Texto: Patrícia Ogando (2˚ ano – ECA-USP) / Fotos: Patrícia Ogando e Leandro Melito
Foto: Leandro Melito
Os dois gostam de rock n’roll, têm muitos processos judiciais em suas bagagens e são homens de visões apaixonadas. Esse poderia ser o começo de um romance contemporâneo, mas na verdade vamos contar o que rolou na palestra sobre como biografar alguém vivo, com Claudio Tognolli e Lobão. No papo, os dois falaram sobre a gestação de 50 Anos a Mil, livro biográfico de Lobão que conta com a experiência e o respaldo do jornalista Claudio Julio Tognolli.
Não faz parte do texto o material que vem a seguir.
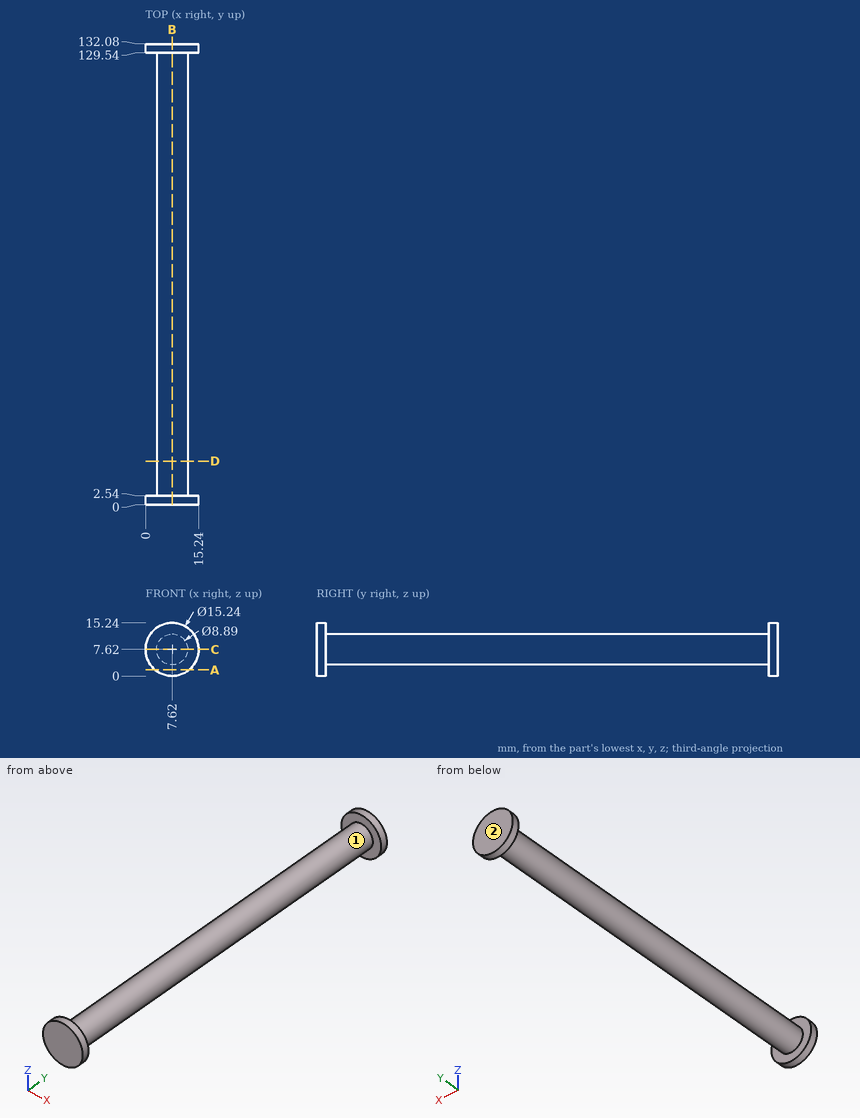
Geometry: see drawing. Coordinates: mm, zero at the bounding-box minimum. A direction names the side the tool comes from. Coordinates: 2 decimals unless noted, no trailing zeros. Write each loop counter-clockwise with the first axis right and the second up, starting at its lowest first coordinate (ties: lowest second). Pieces come first, ordered by that corner, then holes. Notation, with made-up numbers: M 29.5,29 L 68.5,29 A18 cw 68.5,37 Z; hole C 52,-36.75 d11. An arc over 180 degrees is marked long. Use CSV: the item, a comma, the result in double quotes. Start each with the question number.
1. Cut plane D-D on y = 12.5. Return the cut outline in (x, z) (3 decimals).
2. Cut plane C-C on z = 7.62. Return the cut outline in (x, y) (3 decimals), plus the area to 3 significant figures.
3. First-contact query: P1, Ø4, axis at x = 2, y = 89, coming from the -Z side; P2, Ø5, axis at y = 104.5, z = 7, coming from the -X side (3 decimals); P3, Ø1, axis at y = 40, z = 11, coming from the -X side. Flat tips, straight axial feed; report the tip coordinate or a pass-through.
4. Reachability of the marked faces 1 and 2 from +Z, -Z, +X, -X, +Y, -Y: full face, straight path, thin tool, end or side. Return the list, or none.
5. Cut plane A-A on z = 1.75. Return the cut outline in (x, y), plus the area to 3 significant figures.
6. Cut plane B-B on x = 7.62. Return the cut outline in (y, z) (3 decimals), plus the area to 3 significant figures.
7. Ray query, probe 1 along Y at (x, z) = (2.25, 6); probe 2 along X at (y, z) = (102.5, 8); probe 3 along X at (y, z) = (103.5, 11). Return the intervals inside material, ascending.
Entries:
1,outline,"C 7.62,7.62 d8.89"
2,outline,"M 0,0 L 15.24,0 L 15.24,2.54 L 12.065,2.54 L 12.065,129.54 L 15.24,129.54 L 15.24,132.08 L 0,132.08 L 0,129.54 L 3.175,129.54 L 3.175,2.54 L 0,2.54 Z"
2,area,"1,210 mm²"
3,P1,"z = 5.04"
3,P2,"x = 3.175"
3,P3,"x = 4.23"
4,face 1,"none"
4,face 2,"+Z, -Z, +X, -X, +Y"
5,outline,"M 2.76,0 L 12.48,0 L 12.48,2.54 L 2.76,2.54 Z; M 2.76,129.54 L 12.48,129.54 L 12.48,132.08 L 2.76,132.08 Z"
5,area,"49.4 mm²"
6,outline,"M 0,0 L 2.54,0 L 2.54,3.175 L 129.54,3.175 L 129.54,0 L 132.08,0 L 132.08,15.24 L 129.54,15.24 L 129.54,12.065 L 2.54,12.065 L 2.54,15.24 L 0,15.24 Z"
6,area,"1,210 mm²"
7,probe 1,"0 to 2.54, 129.54 to 132.08"
7,probe 2,"3.19 to 12.05"
7,probe 3,"4.73 to 10.51"

Antes mesmo do horário de início da apresentação, Tognolli começou a explicar o contexto dessa parceria com Lobão – o biografado, que chegou cerca de uma hora atrasado à sala 714. Nesse meio tempo, Tognolli, com seu jeitão descontraído, falou sobre técnicas de investigação e contou um pouco de sua relação com o cantor e das dificuldades de levantar a história que será lançada em outubro.
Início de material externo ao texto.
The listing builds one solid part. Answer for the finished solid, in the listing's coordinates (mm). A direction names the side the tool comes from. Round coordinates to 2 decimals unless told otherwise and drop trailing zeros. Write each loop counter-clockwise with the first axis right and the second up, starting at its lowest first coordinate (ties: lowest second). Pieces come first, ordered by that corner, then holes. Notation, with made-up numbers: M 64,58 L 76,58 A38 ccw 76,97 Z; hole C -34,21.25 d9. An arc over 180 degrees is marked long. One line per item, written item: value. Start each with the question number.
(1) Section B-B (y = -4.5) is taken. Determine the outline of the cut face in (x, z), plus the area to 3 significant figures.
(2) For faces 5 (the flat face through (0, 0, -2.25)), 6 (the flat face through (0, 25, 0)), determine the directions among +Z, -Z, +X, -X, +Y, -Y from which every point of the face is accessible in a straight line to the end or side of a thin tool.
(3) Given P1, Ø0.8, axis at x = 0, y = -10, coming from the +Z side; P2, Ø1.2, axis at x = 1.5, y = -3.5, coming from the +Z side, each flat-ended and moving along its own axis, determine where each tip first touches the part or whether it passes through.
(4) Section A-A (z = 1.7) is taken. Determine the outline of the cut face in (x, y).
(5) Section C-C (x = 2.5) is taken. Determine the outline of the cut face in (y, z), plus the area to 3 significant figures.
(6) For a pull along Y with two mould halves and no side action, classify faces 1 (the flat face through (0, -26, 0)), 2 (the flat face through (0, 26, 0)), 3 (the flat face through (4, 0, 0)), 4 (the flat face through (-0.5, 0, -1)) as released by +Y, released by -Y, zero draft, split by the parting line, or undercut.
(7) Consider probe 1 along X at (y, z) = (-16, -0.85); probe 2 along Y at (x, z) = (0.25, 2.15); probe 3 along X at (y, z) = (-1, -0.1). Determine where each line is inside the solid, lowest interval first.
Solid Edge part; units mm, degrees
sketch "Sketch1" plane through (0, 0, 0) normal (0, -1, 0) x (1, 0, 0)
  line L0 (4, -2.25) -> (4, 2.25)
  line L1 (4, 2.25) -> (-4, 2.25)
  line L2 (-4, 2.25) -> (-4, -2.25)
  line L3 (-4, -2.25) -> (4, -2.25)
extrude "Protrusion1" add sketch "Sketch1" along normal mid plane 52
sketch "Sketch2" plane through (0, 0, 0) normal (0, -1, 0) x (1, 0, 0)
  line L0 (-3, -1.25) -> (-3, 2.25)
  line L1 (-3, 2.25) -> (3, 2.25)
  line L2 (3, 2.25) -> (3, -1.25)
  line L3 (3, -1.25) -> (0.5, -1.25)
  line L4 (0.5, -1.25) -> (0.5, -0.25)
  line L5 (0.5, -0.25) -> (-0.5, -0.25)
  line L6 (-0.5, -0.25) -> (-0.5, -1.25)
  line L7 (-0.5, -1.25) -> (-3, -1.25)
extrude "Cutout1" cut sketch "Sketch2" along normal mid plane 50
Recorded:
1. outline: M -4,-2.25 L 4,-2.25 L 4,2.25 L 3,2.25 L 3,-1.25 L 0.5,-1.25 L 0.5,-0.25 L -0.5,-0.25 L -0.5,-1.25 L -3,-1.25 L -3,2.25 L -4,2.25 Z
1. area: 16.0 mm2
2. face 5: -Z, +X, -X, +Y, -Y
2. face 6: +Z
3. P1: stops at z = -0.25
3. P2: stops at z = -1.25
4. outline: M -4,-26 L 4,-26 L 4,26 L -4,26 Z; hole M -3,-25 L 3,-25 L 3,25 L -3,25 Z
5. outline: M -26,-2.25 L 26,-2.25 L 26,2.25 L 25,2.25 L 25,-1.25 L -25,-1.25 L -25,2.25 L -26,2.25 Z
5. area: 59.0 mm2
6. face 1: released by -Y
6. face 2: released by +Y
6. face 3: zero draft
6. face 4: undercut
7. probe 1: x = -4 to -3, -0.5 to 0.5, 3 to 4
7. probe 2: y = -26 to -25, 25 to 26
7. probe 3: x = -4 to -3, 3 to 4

Durante mais de um ano Tognolli e Lobão se encontravam até três vezes por semana no restaurante Spot, na região da avenida Paulista. Nesses encontros, o jornalista procurava sempre levar “algum amigo que tinha algum nome ou cargo de responsabilidade de imprensa” para tentar garantir que Lobão não fosse mentir sobre sua história. Assim, se Lobão contasse a mesma história mais de uma vez, Tognolli entendia que aquilo não deveria ser mentira. “Defino isso como um grande divã, em que ele ia se expondo, se expondo”, revela o jornalista.
Tognolli já pensava em investigar todos os documentos que a Justiça brasileira produziu e recuperar tudo que saiu na mídia sobre Lobão. No entanto, o biografado quis, antes dessa investigação, gravar algumas confissões em áudio sobre eventos de sua vida. E esse método mostrou que o músico tem um problema com gravadores, o Lobão captado ali era um cara triste, diferente do que o jornalista conhecia. Tognolli conta que isso o fez lembrar da frase em que Ruy Castro diz que nunca aceita fazer biografia de pessoa viva “porque isso é um trabalho do cão”.
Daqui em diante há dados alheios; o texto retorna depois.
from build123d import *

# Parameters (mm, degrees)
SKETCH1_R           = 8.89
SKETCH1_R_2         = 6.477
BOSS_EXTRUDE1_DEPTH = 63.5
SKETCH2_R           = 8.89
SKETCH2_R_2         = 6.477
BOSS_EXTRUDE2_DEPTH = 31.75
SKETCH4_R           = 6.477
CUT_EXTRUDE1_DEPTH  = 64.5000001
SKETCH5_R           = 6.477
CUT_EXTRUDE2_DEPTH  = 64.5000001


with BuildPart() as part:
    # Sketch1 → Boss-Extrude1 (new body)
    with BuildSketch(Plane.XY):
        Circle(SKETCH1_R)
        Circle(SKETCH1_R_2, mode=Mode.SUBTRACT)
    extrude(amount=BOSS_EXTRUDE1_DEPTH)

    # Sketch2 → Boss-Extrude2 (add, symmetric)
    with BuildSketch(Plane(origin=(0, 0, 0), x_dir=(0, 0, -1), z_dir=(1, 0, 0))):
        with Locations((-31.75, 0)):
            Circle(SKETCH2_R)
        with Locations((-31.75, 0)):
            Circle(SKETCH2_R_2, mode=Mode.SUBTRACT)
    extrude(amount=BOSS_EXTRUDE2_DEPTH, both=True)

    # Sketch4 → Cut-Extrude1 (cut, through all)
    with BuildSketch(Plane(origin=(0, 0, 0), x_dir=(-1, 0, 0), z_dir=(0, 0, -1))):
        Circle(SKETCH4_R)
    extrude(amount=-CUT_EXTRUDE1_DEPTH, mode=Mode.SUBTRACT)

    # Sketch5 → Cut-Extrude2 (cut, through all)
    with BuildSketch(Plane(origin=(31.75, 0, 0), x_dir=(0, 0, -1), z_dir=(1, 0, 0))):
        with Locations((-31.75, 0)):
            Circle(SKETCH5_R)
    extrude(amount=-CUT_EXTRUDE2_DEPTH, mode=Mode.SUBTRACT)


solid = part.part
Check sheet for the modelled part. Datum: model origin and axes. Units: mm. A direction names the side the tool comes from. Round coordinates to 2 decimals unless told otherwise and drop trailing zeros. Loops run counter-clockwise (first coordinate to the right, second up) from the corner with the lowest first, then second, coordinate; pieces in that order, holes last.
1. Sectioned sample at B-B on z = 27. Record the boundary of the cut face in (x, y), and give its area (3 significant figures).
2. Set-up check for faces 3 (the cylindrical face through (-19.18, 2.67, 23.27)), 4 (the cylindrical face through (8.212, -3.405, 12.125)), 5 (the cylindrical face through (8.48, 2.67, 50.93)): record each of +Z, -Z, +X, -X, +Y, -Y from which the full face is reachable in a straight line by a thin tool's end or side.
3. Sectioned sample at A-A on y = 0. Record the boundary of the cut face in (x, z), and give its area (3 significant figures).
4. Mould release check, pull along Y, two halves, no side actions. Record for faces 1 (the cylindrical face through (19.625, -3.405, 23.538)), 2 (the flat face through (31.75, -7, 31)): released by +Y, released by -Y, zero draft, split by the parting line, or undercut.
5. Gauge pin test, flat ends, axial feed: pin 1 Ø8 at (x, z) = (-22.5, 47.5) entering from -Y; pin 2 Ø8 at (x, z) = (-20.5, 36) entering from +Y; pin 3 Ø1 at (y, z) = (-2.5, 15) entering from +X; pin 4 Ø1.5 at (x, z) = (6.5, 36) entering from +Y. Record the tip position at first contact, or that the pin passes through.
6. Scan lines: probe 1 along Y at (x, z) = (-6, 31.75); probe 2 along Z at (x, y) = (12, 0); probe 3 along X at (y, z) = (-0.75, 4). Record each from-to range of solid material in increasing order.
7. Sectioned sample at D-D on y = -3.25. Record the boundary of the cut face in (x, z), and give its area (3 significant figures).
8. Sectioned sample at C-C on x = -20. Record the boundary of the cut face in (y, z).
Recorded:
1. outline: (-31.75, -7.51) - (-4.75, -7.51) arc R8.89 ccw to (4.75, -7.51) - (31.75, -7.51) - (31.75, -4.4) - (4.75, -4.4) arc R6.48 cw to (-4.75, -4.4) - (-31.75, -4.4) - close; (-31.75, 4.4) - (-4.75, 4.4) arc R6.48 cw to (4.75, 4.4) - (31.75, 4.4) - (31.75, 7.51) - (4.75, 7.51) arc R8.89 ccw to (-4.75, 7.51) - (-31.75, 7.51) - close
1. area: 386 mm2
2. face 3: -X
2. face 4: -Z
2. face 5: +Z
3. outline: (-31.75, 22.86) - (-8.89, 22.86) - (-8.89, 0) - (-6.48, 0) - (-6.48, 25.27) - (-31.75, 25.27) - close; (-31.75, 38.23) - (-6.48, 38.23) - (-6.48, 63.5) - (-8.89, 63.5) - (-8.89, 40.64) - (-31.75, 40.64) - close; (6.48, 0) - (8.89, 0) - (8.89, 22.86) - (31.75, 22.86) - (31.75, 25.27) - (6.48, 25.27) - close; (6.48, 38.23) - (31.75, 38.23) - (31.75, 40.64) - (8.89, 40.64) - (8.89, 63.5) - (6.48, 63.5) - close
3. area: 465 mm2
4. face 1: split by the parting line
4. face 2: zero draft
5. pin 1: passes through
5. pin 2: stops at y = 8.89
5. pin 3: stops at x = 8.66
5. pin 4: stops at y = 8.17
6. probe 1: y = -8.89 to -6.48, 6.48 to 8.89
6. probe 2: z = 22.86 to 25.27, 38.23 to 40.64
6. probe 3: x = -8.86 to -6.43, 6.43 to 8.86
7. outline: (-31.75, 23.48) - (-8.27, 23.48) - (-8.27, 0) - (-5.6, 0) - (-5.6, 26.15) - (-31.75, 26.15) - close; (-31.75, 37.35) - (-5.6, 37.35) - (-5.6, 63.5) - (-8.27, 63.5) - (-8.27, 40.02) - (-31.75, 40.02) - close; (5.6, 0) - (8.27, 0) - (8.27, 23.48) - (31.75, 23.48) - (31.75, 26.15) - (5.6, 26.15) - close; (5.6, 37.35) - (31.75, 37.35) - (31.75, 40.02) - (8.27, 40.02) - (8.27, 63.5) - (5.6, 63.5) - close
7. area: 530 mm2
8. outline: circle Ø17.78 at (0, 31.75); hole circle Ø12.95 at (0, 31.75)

Nessa procura por um método um bom tempo passou, muitas biografias foram utilizadas como referência e finalmente foi escolhido um modelo, tanto para o texto, quanto para o processo de reconstrução desses 50 anos. Quem escreve é o próprio Lobão, mas é o jornalista quem extrai detalhes, informações e o pauta. Tognolli comprou todos os bancos de dados da mídia sobre Lobão e começou investigar os documentos judiciais. Disso montou uma linha do tempo e começou a, como ele mesmo denomina, “colocar o Lobão na ordem do dia”: extrair dele detalhes que só o olhar curioso de um jornalista poderia ter, questionando até a marca da camisa que Lobão vestia em um determinado dia.
Quase no final da palestra, chega Lobão: “Mas e aí, só pra eu não perder o fio da meada”, querendo saber em que ponto estava o papo. Nesse primeiro contato com todos os que estavam presentes, ele já mostrou ter o mesmo jogo de cintura de anos atrás, quando foi preso com um galho de maconha e acabou virando “assessor de imprensa do Comando Vermelho”. Lobão contou esse episódio: ele chegou à cela e um detento negro, com um daqueles sorrisos permanentemente estampados na face, o reconheceu. O detento o chamou para sentar-se próximo dele e logo perguntou: “Aqui na cadeia tem três tipos de pessoas: preto, pobre e burro. Tú se enquadra em qual?”. “Eu sou negão”, foi a resposta de Lobão, cativando na hora Gilmar Negão, que morreu uma semana depois.
Lobão narrou alguns episódios peculiares da sua vida e falou sobre o quanto era maltratado por diversos setores da sociedade pelo seu comportamento “fora dos padrões”. Mas sem nem um pouco parecer querer mudar sua história, sempre tirando sarro da própria cara, diz que as coisas que aconteceram em sua vida foram uma oportunidade, embora dolorida, de vivenciar coisas que não seriam comuns a um jovem de classe média. O cara é um entretenimento, a sala não se esvaziou quando chegou o horário final da palestra. E falando da parceria com Tognolli nessa produção, disse: “no meu caso, se não tivesse essas comprovações (a apuração de Tognolli), iam me chamar de maluco, de novo!”.